Record Documentation. Each insurer's claim files are subject to examination by

the executive director or the executive

director’s designees. To aid in an examination:

      (1) The insurer

shall maintain claim data that are accessible and retrievable for examination.

An insurer shall be able to provide the claim number, line of coverage, date of

loss and date of payment of the claim, and date of denial or date closed

without payment. This data shall be available for all open and closed files for

the current year and the five (5) preceding years.

      (2) Documentation

shall be contained in each claim file to permit reconstruction of the insurer's

activities relative to each claim.

      (3) Each document

within the claim file shall be noted as to date received, date processed, or

date mailed.

      (4) For those

insurers which do not maintain hard copy files, claim files shall be accessible

from a computer terminal available to examiners or micrographics and be capable

of duplication to hard copy.


      Section 5.

Severability.

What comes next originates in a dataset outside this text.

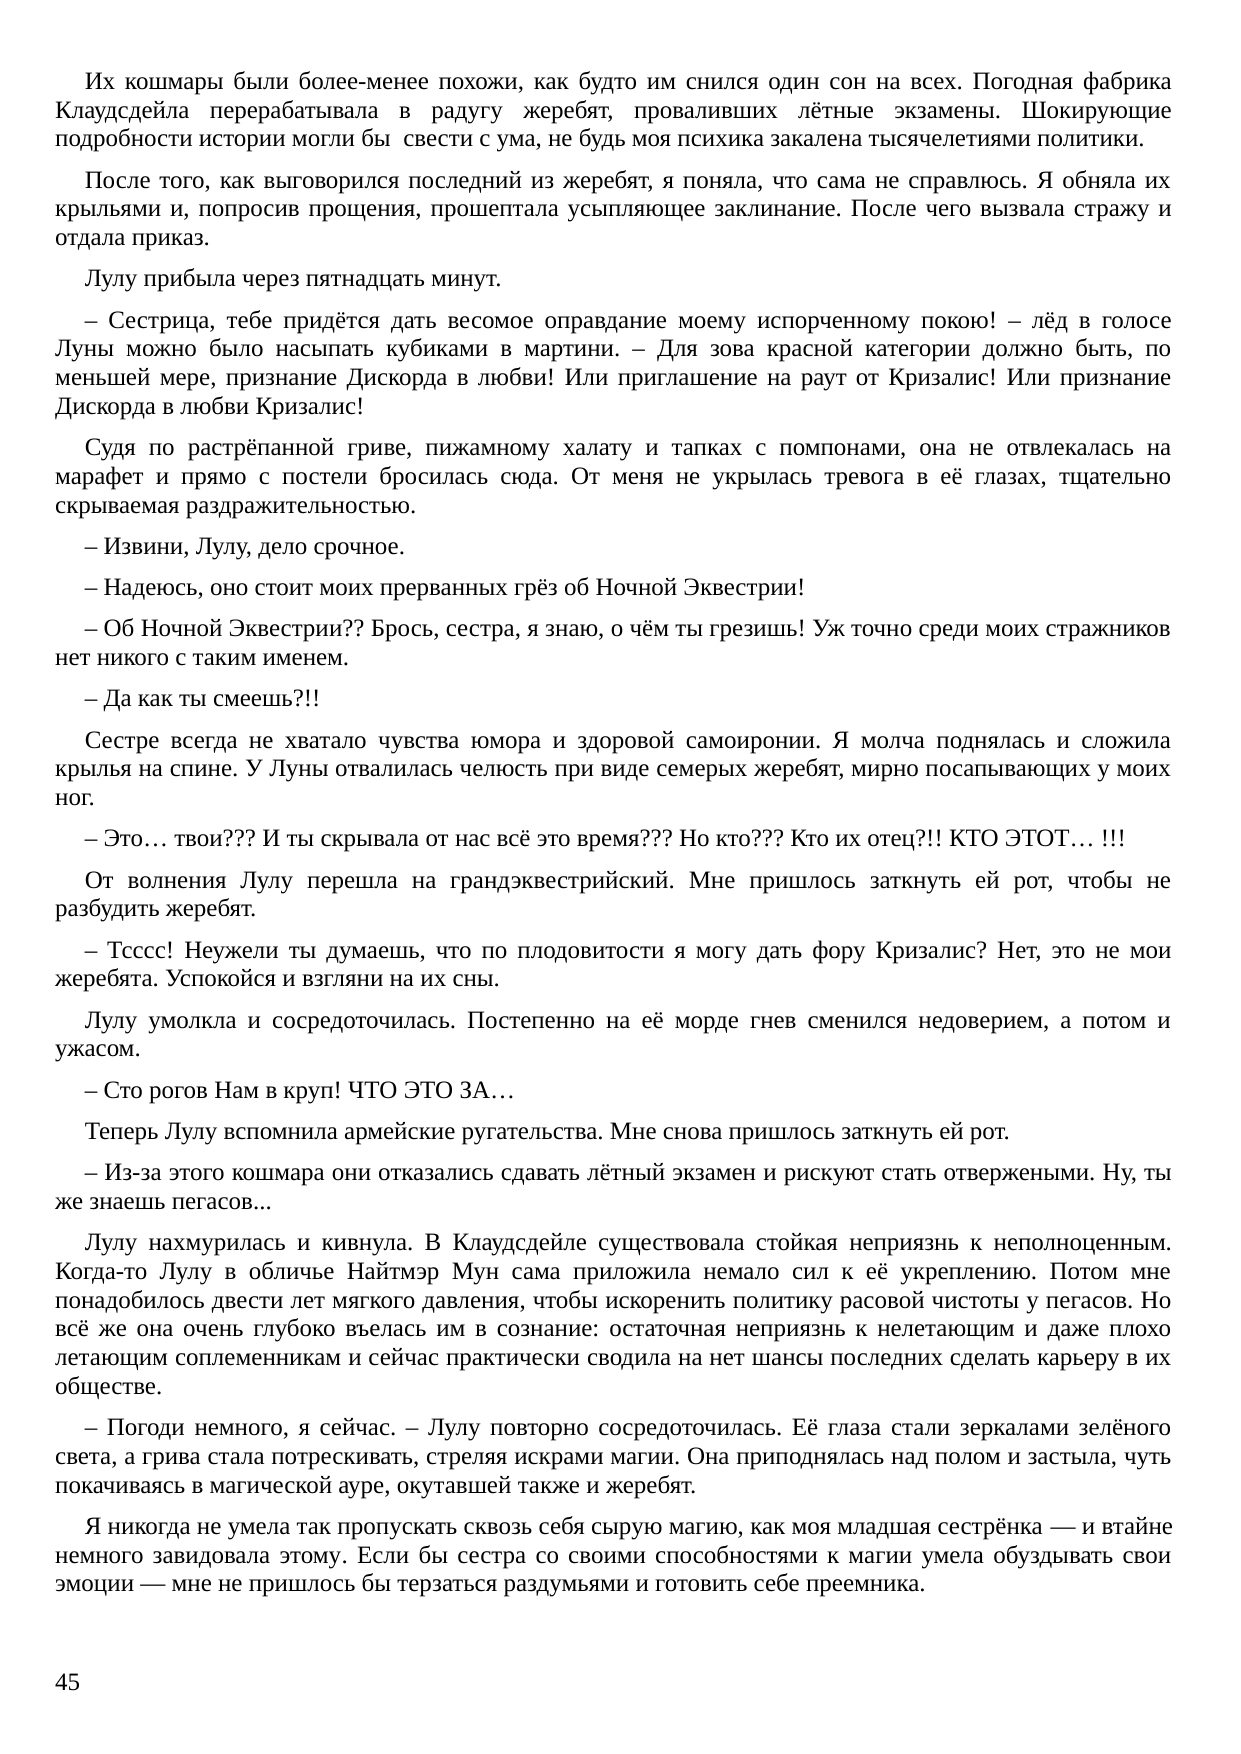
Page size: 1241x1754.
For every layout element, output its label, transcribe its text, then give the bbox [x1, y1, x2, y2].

If any provision of this administrative regulation or the

application thereof to any person or circumstance is for any reason held to be

invalid, the remainder of the regulation and the application of the provision

to other persons or circumstances shall not be affected thereby.


      Section 6. Effective

Date. This administrative regulation shall become effective upon completion of

its review pursuant to KRS Chapter 13A. (17 Ky.R. 806; Am. 1503; eff. 11-15-90;

TAm eff. 8-9-2007; TAm eff. 10-9-2008.)